As the vineyards of Stellenbosch change their colours from green to orange and yellow, there is a young chef who is embracing this quiet season to define her craft. Trips to New York and Spain are sure to broaden the horizons of Carolize Coetzee. Her skill is obvious, demonstrated on every plate, her heritage forged with heirloom recipes from her mother and gran. ‘Plaas kos’ and foods that evoke memories and nostalgia are her trademark. This cuisine is different from the legacy left by chef Richard Carstens, from whom she took over at the end of 2018. He favoured Asian-inspired, gastronomy-influenced cuisine, Carolize favours whatever is growing in front of her eyes in the garden at Tokara.

We arrived at the estate allowing enough time to enjoy the setting, a wine tasting and to drink in the view. Tokara commands the best views of the valley, and with award-winning wines, Carolize has been given a great stage on which to perform. “Here we serve fresh, local produce, and every recipe and ingredient means something. New ideas come from the garden, old memories come to the fore. I remember my gran making biscuits and vetkoek whilst we were stealing raw dough and her hitting us on our hands,” Carolize reminisces.

Her first-choice ingredient is fish, which she sources from ABALOBI. “You can play it up, play it down, it is simple and versatile.” The Mauritian sea bass, farmed, is flown in daily.

It was the sea bass which she prepared with to perfection, served with fennel and pancetta (accompanied by Tokara’s Director’s White Reserve). My man had the lamb with ratatouille-style veg and smoked tomato paste, generous in portion and flavour, perfectly paired with Tokara’s Syrah.

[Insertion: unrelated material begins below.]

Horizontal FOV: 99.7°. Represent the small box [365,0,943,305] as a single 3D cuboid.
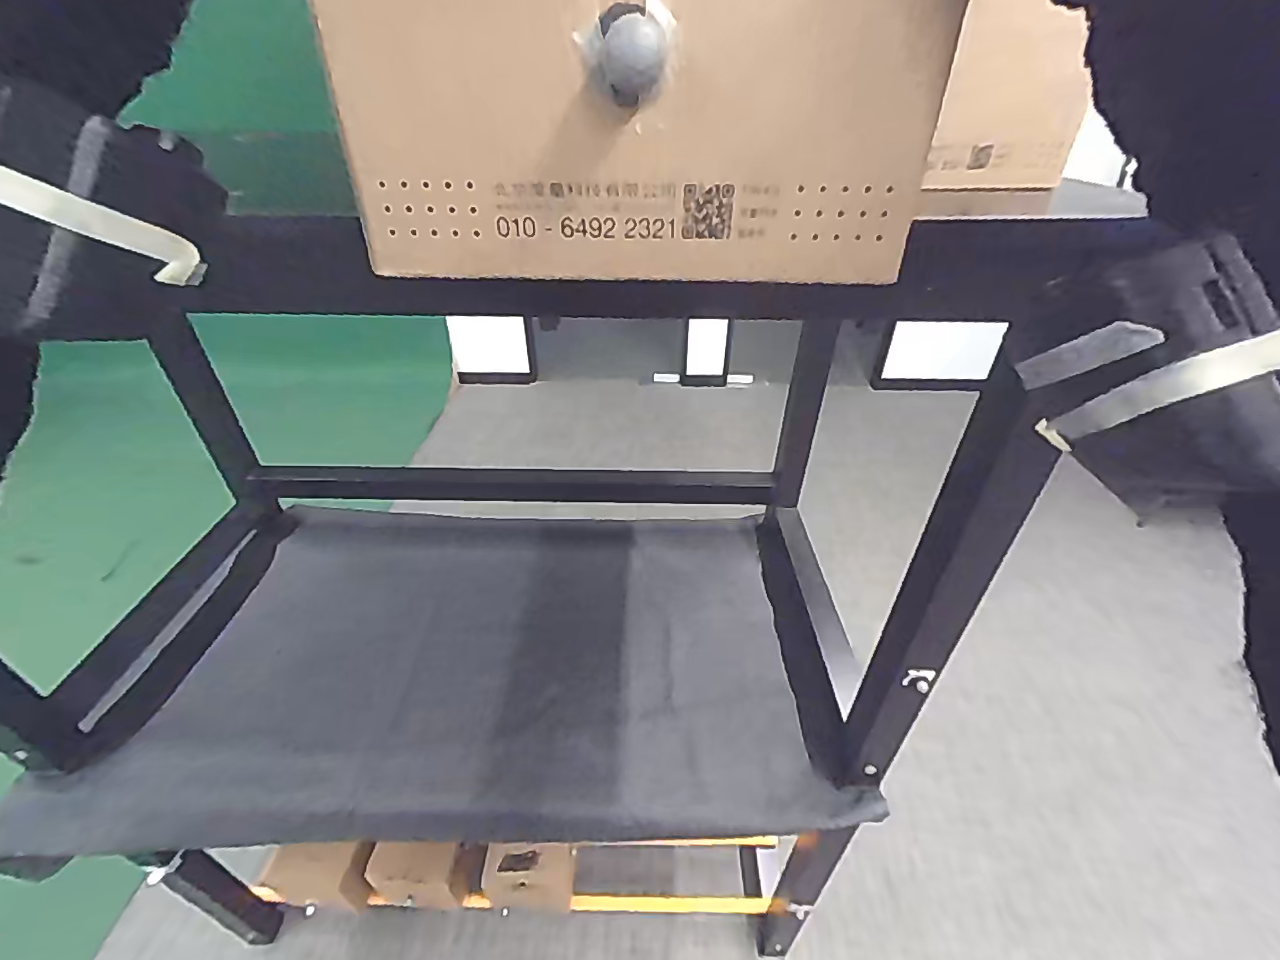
[{"bbox_3d":[0.002,-0.176,0.213,0.168,0.176,0.179,0,32,1],"label":"small box"}]

Our starters too were generous, the beetroot and pea mousse for me, the parsnip with bacon dust and brioche for my man. Our desserts deserved applause and again, substantial yet delicately served. Gooseberry clafoutis with gingerbread crumb and basil ice cream was as delicious and rich as the chocolate fondant with coconut ice cream and passion fruit.

As I complimented Carolize on an impressive lunch I asked how she defines her cooking style. “You take a little piece of everyone, all the chefs you have worked with, to shape yourself. Some inspire, some show you what you don’t want to be, but everyone has shaped me.”